Revolving Doors

Revolving Doors


Revolving Doors


Curved glass revolving doors help maintain a constant indoor temperature while providing secure and orderly entrances and exits. Revolving doors use bent glass to provide an environment of elegance and a feeling of order and security.

A bent or curved glass revolving door typically consists of three or four doors that hang on a center shaft and rotate around a vertical axis within a round enclosure. Revolving curved glass revolving doors are energy efficient inasmuch as they prevent drafts, thus preventing increases in the heating or cooling required for the building. At the same time, curved glass revolving doors allow large numbers of people to pass in and out. Around the center shaft of the revolving door there are usually three or four doors called "wings" or "leaves." Large diameter curved glass revolving doors can accommodate strollers and luggage racks. The tallest curved glass revolving door currently is approximately 16 feet (4.9 m) high with 4 wings.

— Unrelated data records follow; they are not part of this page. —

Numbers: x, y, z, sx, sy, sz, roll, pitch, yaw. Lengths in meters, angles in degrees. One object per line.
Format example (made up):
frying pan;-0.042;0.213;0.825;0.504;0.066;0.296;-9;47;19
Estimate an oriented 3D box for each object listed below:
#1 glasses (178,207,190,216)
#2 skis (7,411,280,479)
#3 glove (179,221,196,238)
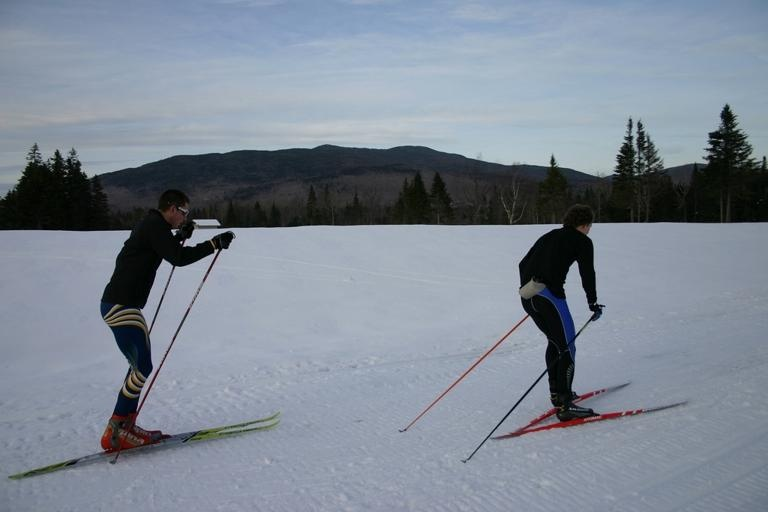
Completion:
glasses;-2.582;-0.581;7.846;0.123;0.037;0.124;25;2;7
skis;-3.057;2.422;7.697;2.564;0.183;0.268;-10;-5;-14
glove;-2.691;-0.342;8.225;0.108;0.276;0.193;26;17;-44
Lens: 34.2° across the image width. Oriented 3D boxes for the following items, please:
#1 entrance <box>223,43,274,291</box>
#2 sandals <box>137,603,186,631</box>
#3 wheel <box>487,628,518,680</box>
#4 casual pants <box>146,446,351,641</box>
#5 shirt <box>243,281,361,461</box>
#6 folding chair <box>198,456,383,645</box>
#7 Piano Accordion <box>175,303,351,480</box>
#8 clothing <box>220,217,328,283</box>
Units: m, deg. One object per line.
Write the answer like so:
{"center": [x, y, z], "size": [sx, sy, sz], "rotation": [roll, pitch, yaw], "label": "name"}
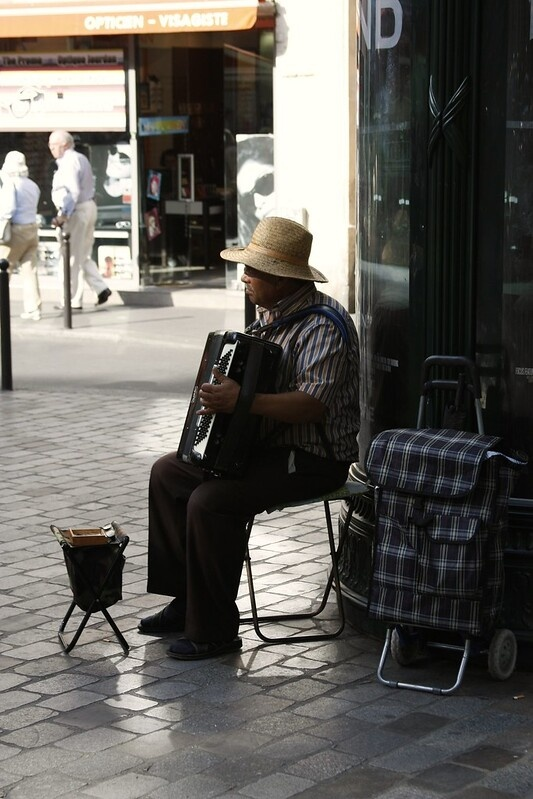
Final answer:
{"center": [-0.057, -2.723, 10.137], "size": [0.244, 3.031, 0.633], "rotation": [7, -8, -29], "label": "entrance"}
{"center": [-0.402, 0.875, 3.462], "size": [0.230, 0.102, 0.087], "rotation": [1, 3, -6], "label": "sandals"}
{"center": [0.760, 0.838, 2.832], "size": [0.045, 0.185, 0.163], "rotation": [3, 18, 37], "label": "wheel"}
{"center": [-0.085, 0.464, 3.415], "size": [0.724, 0.671, 0.701], "rotation": [1, 4, -19], "label": "casual pants"}
{"center": [0.120, -0.085, 3.204], "size": [0.332, 0.598, 0.622], "rotation": [-1, 8, -22], "label": "shirt"}
{"center": [0.094, 0.672, 3.472], "size": [0.482, 0.624, 0.418], "rotation": [-9, 8, -13], "label": "folding chair"}
{"center": [-0.135, -0.015, 3.134], "size": [0.768, 0.466, 0.283], "rotation": [-12, 28, -44], "label": "Piano Accordion"}
{"center": [0.002, -0.644, 3.387], "size": [0.308, 0.176, 0.312], "rotation": [11, 3, 33], "label": "clothing"}
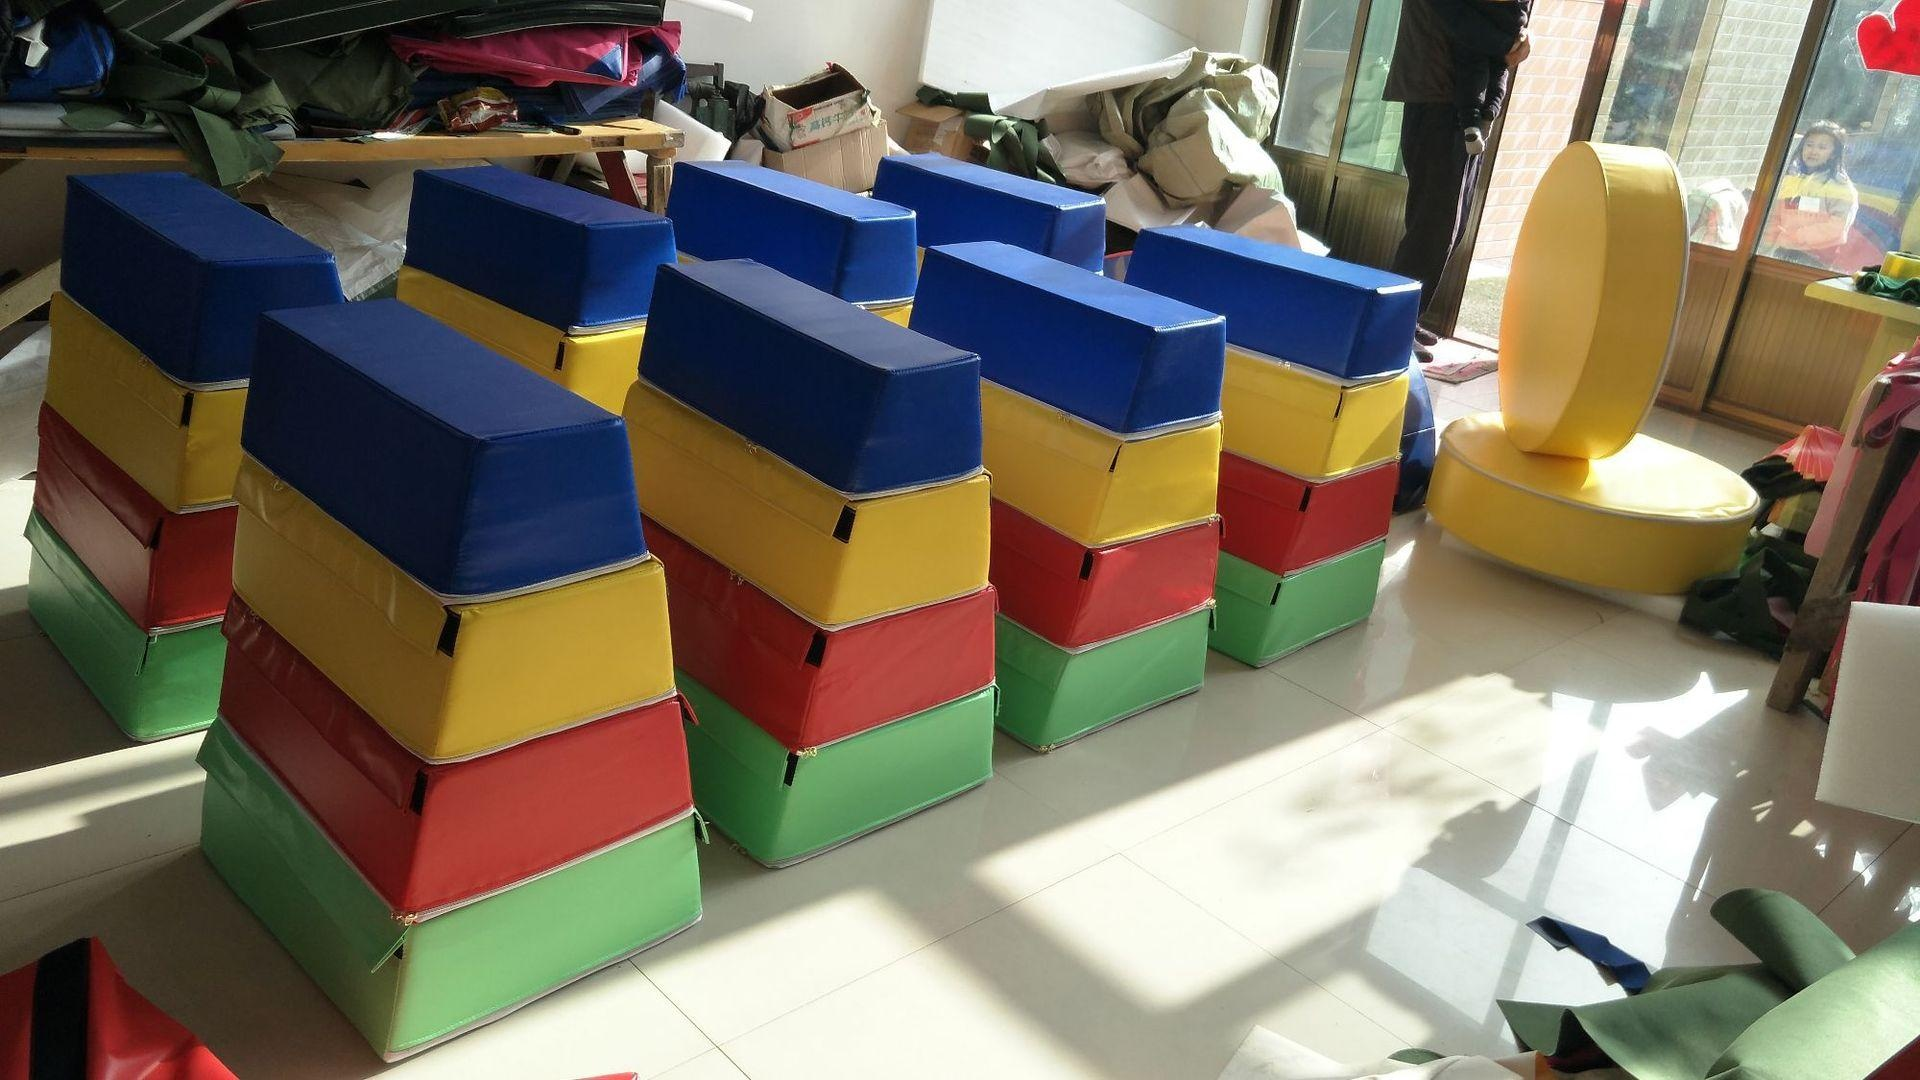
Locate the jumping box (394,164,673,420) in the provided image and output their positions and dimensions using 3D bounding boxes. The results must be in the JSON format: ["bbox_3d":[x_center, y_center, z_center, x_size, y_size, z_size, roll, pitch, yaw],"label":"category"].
[{"bbox_3d":[-1.199,-0.675,3.571,0.835,0.388,0.425,30,28,17],"label":"jumping box"}]

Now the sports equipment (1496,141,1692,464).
[{"bbox_3d":[2.308,-0.854,4.667,0.446,1.092,0.579,3,31,1],"label":"sports equipment"}]

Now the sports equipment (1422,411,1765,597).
[{"bbox_3d":[2.340,-0.059,4.680,0.815,0.193,0.779,13,21,-3],"label":"sports equipment"}]

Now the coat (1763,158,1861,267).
[{"bbox_3d":[4.079,-1.570,6.058,0.230,0.368,0.381,-24,46,-32],"label":"coat"}]

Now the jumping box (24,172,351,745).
[{"bbox_3d":[-2.018,-0.161,3.315,0.784,1.359,1.129,-8,32,-43],"label":"jumping box"}]

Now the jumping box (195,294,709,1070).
[{"bbox_3d":[-1.305,0.311,3.049,0.993,1.457,1.142,-23,39,-36],"label":"jumping box"}]

The curved glass revolving doors allow people to see and anticipate each other while passing through the door. Manual curved glass revolving doors rotate with push bars causing all wings to rotate. Curved glass revolving doors typically have a "speed control" (governor) to prevent people from spinning the doors too fast. Automatic curved glass revolving doors are powered above/below the central shaft, or along the perimeter. Automatic curved glass revolving doors have safety sensors; but there has been at least one fatality. Skyscraper design requires some sort of draft block, such as curved glass revolving doors, to prevent the chimney effect of the tall structure from sucking in air at high speed at the base and ejecting it through vents in the roof while the building is being heated, or sucking in air through the vents and ejecting it through the doors while being cooled due to convection. Modern versions permit the individual curved glass revolving doors of the assembly to be unlocked from the central shaft to permit free flowing traffic in both directions. The curved glass revolving doors are always closed, so wind and drafts cannot blow into the building, also efficiently minimizing heating and air conditioning loads. In right hand traffic countries, curved glass revolving doors typically revolve counter-clockwise (as seen from above), allowing people to enter and exit only on the right side of the door. In left hand traffic countries, revolving doors should revolve clockwise, but they do not always. Curved glass revolving doors can also be used as security devices to restrict entry to a single person at a time if the spacing between the doors is small enough. This is in contrast to a normal door which allows a second person to easily "tailgate" an authorized person. Extreme security can require bullet-proof.

Sometimes a curved glass revolving door is designed for one-way traffic. An example is the now-common usage in airports to prevent a person from bypassing airport security checkpoints by entering the exit. Such curved glass revolving door are designed with a brake that is activated by a sensor should someone enter from the incorrect side. The door also revolves backwards to permit that person to exit, while also notifying security of the attempt.